Fernando
Sánchez Dragó,
en su artículo “Borriquita como tú”,
en El Mundo, a propósito del
despropósito de Irene Montero al dar
una patada al Diccionario de la RAE con su palabreja “portavoza” en un acto de Podemos en el madrileño Círculo de Bellas
Artes, cuenta cuando el clérigo barcelonés Ramón Dou recibió
en 1827 al Fernando VII en la hoy extinta universidad de Cervera y le hizo los parabienes con una frase que pasaría a los anales del
servilismo: "Lejos de nosotros la funesta manía de pensar". Pues bien, ahora se ha criticado a Irene
Montero, como antes se criticó a Bibiana
Aído y a Carmen Romero por dar sendas
coces a la Lengua Española. Desdoblar el sustantivo en masculino y femenino sin
venir a cuento va contra la economía del lenguaje cuando generan dificultades
sintácticas y de concordancia. En España se habla mal porque se venden muchos
libros pero se lee poco. El libro se ha convertido en un recurso cómodo a la
hora de hacer un regalo de compromiso. Pero aquel que lo recibe, después de dar
las gracias por el detalle, lo coloca en un estante y allí dormirá el sueño de
los justos hasta la próxima reforma de la sala. Será entonces cuando
desaparecerá para siempre de la vista del dueño de la casa y terminará, con un
poco de suerte, en una librería de lance o en un mercadillo callejero tan
virgen de lectura como el día en el que fue regalado. Algunos lo agradecemos
cuando el libro nos interesa, más aún si lo podemos adquirir de baratillo por
unas monedas. No importa que tenga polvo, que un pico del cartoné esté algo
estropeado, o que su interior contenga una solemne o lacónica dedicatoria. Todo
añade valor al ejemplar. Hace sólo unos días hacía alusión a un libro de “Leyendas” becquerianas en edición
rústica que compré en uno de esos puestos ambulantes. Y comentaba, recuerdo, un
escrito en su interior: “Esperando
recuperar mis quince años. Navidad 1993”.

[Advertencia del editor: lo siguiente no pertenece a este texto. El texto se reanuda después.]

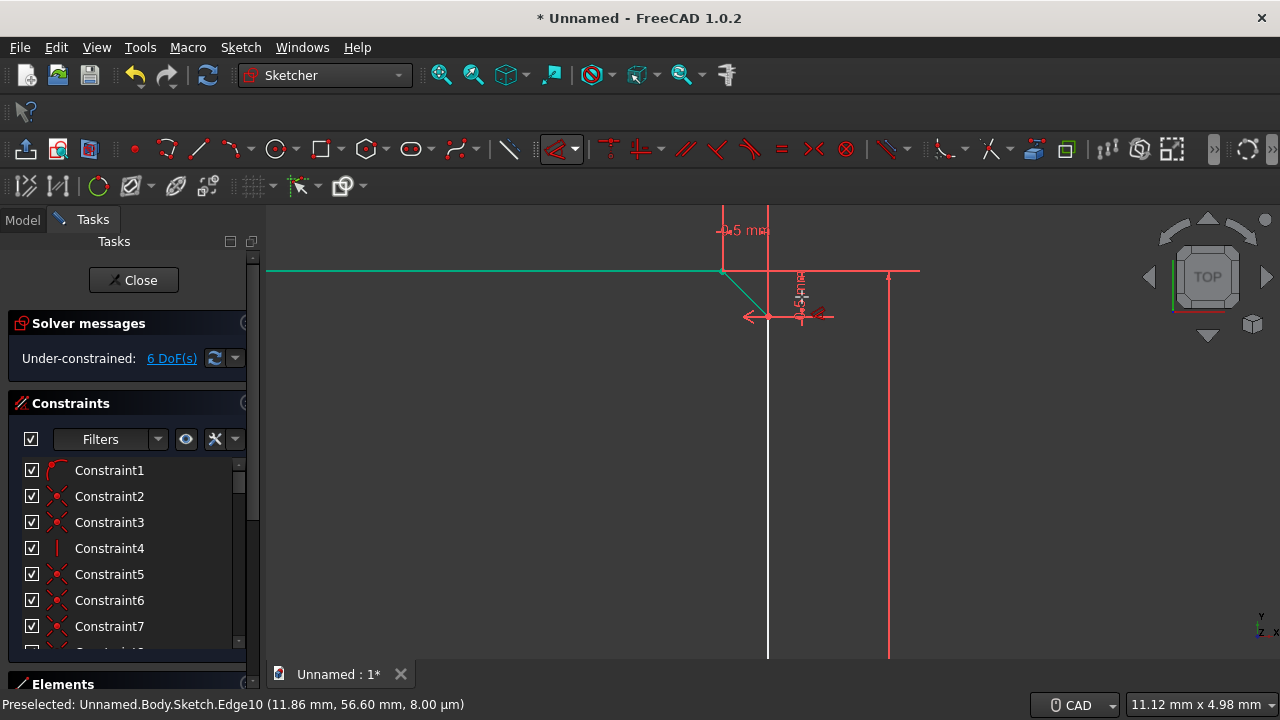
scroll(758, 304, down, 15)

¿Qué podía escribir un joven soñador que a los diez años ingresó en el
sevillano colegio de San Telmo, donde se recogía a los huérfanos pobres
pertenecientes a familias de noble extirpe? No hay mal que por bien no venga. Al cerrar
San Telmo en julio 1847, aquel huérfano (su madre había muerto en febrero de
ese año) fue acogido por su madrina, Manuela
Monnehay en la calle del Potro. Y en su casa pudo leer a Chateaubriand, Madame de Staël, Balzac,
Byron, Musset, Lamartine, Víctor Hugo, Espronceda…, hasta poner rumbo a Madrid con los treinta duros que le había
proporcionado el marido de su tía en el otoño de 1854 y poder pagar una
destartalada pensión de la calle Hortaleza. En su equipaje de mano llevaba
muchas ilusiones. Pero nunca pudo recuperar sus clases de pintura en el taller
de Antonio Cabral Bejarano ni las
miradas furtivas tras el visillo de la calle Velázquez, 8, que le lanzaba su
adorada Julia Cabrera, la novia
adolescente, cuando contaba quince años. Murió soltera en 1913. Hay cosas que
nunca se recuperan, ni soñando.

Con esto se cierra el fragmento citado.